PDK International is proud to support the Learning First Alliance’s celebration of Public Schools Week in 2025. Our public schools are an integral part of our nation’s strength, and we join with LFA’s partner organizations in celebrating the impact our public schools are having within their communities.
Educators Rising is PDK International’s career and technical student organization (CTSO) that supports over 20,000 students nationwide in their exploration of a future career as educators. As a CTSO, we help districts develop their next cadre of teachers and education professionals through both chapter activities and through a CTE course that provides students practical experiences teaching younger students.
For Public Schools Week 2025, we’d like to highlight the impact Educators Rising chapters and their students are having on their communities.

During the week of February 3–7, 2025 our chapters celebrated Educators Rising Week. While originally founded as the Future Teachers of America in 1937, 2025 marks the 10-year anniversary of Educators Rising, which was acquired by PDK International in 1994 as the Future Educators Association. Service, and specifically service to others, is an important component of our program. And the first day of Educators Rising week is a celebration of service projects.
Our national vice president of service, Char’Tayvious Edwards, wrote:
“Schools that provide leadership opportunities and student organizations also boost engagement. Programs like Educators Rising, student government, and service projects let students take ownership of their learning. These experiences teach teamwork, responsibility, and problem solving, keeping students motivated.”
As an organization that is rooted in a community-based approach toward ending the teacher shortage crisis, service to community is an important component of the experience as an Educators Rising student member.
Examples of the types of service projects students engaged in include:
- Creating advocacy videos that impact the work teachers are doing in their community,
- Collecting supplies and donations that help students in their community,
- Writing their local, state, and national officials to advocate for improvements to their public schools’ impact in their community,
- Volunteering with community organizations, including soup kitchens and food pantries,
- Organizing toy donation drives around the holidays,
- Establishing a lending closet with professional apparel for students competing at Educators Rising state competitions,
- Making donations to a local non-profit organization within their community,
- Reading books to children within their community,
- Creating a lending library for their community with donated books;
- Hosting a teacher appreciation breakfast,
- Volunteering at a senior community center.
At the annual Educators Rising Conference, where over 3,000 students compete for the top recognition in over thirty education-related events and competitions, several require volunteering components.
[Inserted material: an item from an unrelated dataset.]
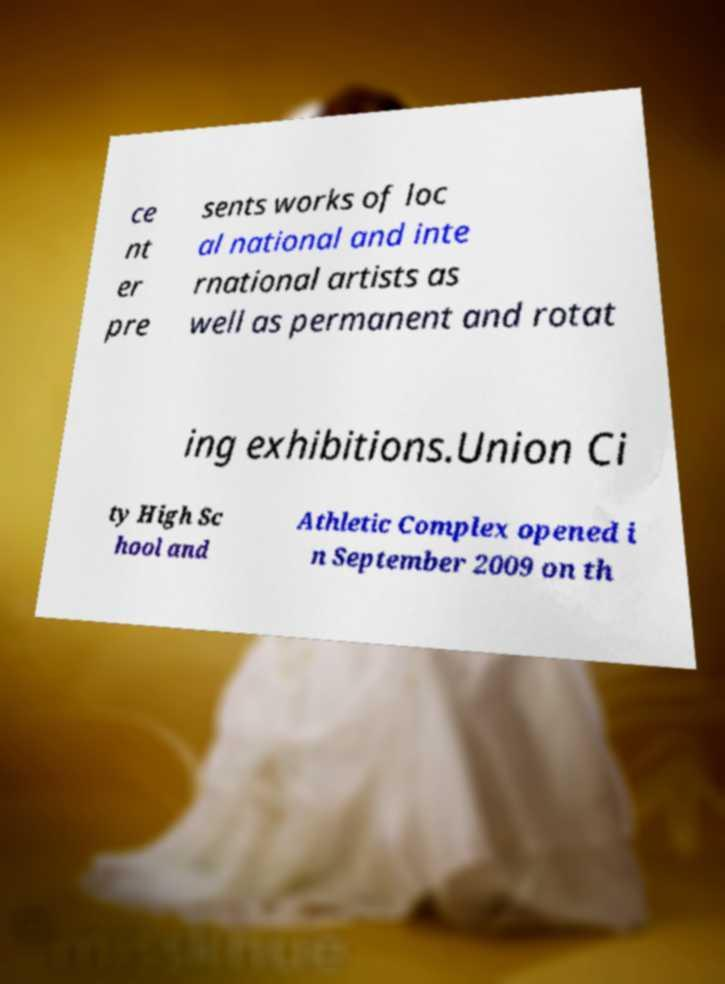Can you accurately transcribe the text from the provided image for me? ce nt er pre sents works of loc al national and inte rnational artists as well as permanent and rotat ing exhibitions.Union Ci ty High Sc hool and Athletic Complex opened i n September 2009 on th 
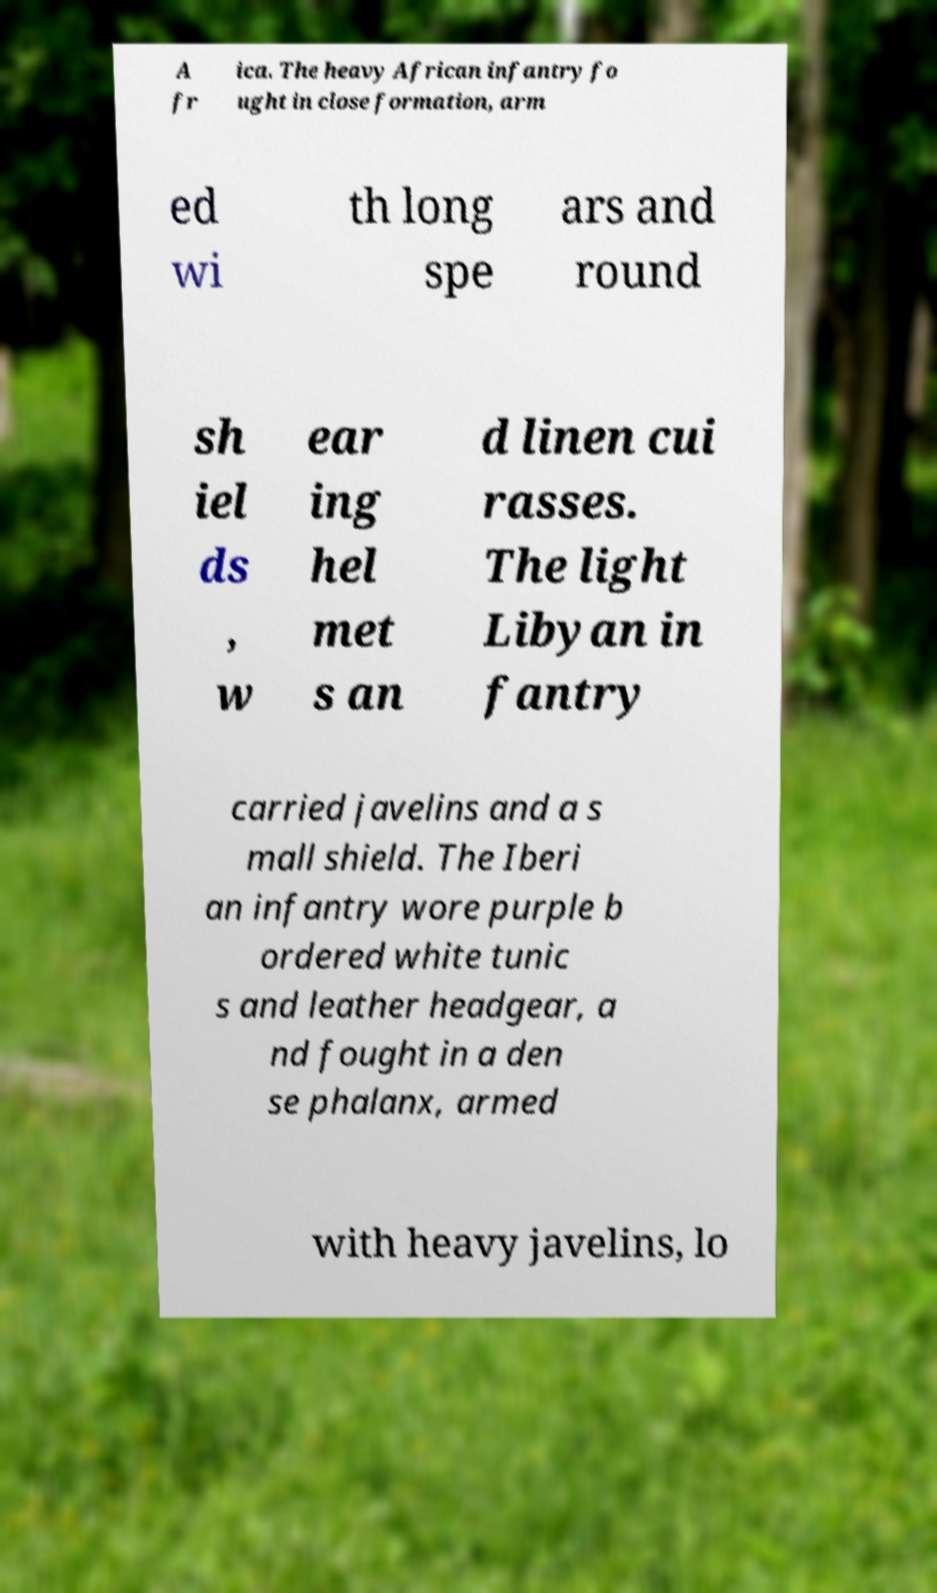What messages or text are displayed in this image? I need them in a readable, typed format. A fr ica. The heavy African infantry fo ught in close formation, arm ed wi th long spe ars and round sh iel ds , w ear ing hel met s an d linen cui rasses. The light Libyan in fantry carried javelins and a s mall shield. The Iberi an infantry wore purple b ordered white tunic s and leather headgear, a nd fought in a den se phalanx, armed with heavy javelins, lo

These require students to have engaged in community service projects in their communities during the school year.
The range and breadth of service projects is wide and impactful. Some states, like Nebraska, provide recognition for chapters who engage their students in impactful service projects that benefit children. Texas organized a book drive to benefit students from across the state for students preK-5.
At Del Norte High School in Albuquerque, New Mexico, the local school chapter has participated in a number of significant projects, including a Valentines drive for homeless students, developing a clothing bank to serve their school’s students, and providing emotional support to students during the school closure during the COVID-19 pandemic.
Students engaged in service projects in their communities aren’t simply doing what they are told by an adult; our organization encourages students to take a leadership role with service projects and plan them out, from figuring out their budgets, conducting research, making decisions around logistics, and setting roles for students throughout the process.
At the national level, Educators Rising hosts a service project at its annual National Conference. In 2024, students attending the national event participated in a project with Martha’s Table to host a book drive. This event benefitted children in the Washington, D.C. metro area.
Engaging students in acts of service that impact not only their school community, but the larger community around their school, helps our students see the synergistic relationship that strong communities play in supporting their public schools, and how the public schools can provide supports back within their communities. As potential future educators, our students will know first-hand on how they can establish a network that goes beyond school walls to help them create amazing learning experiences for their future students.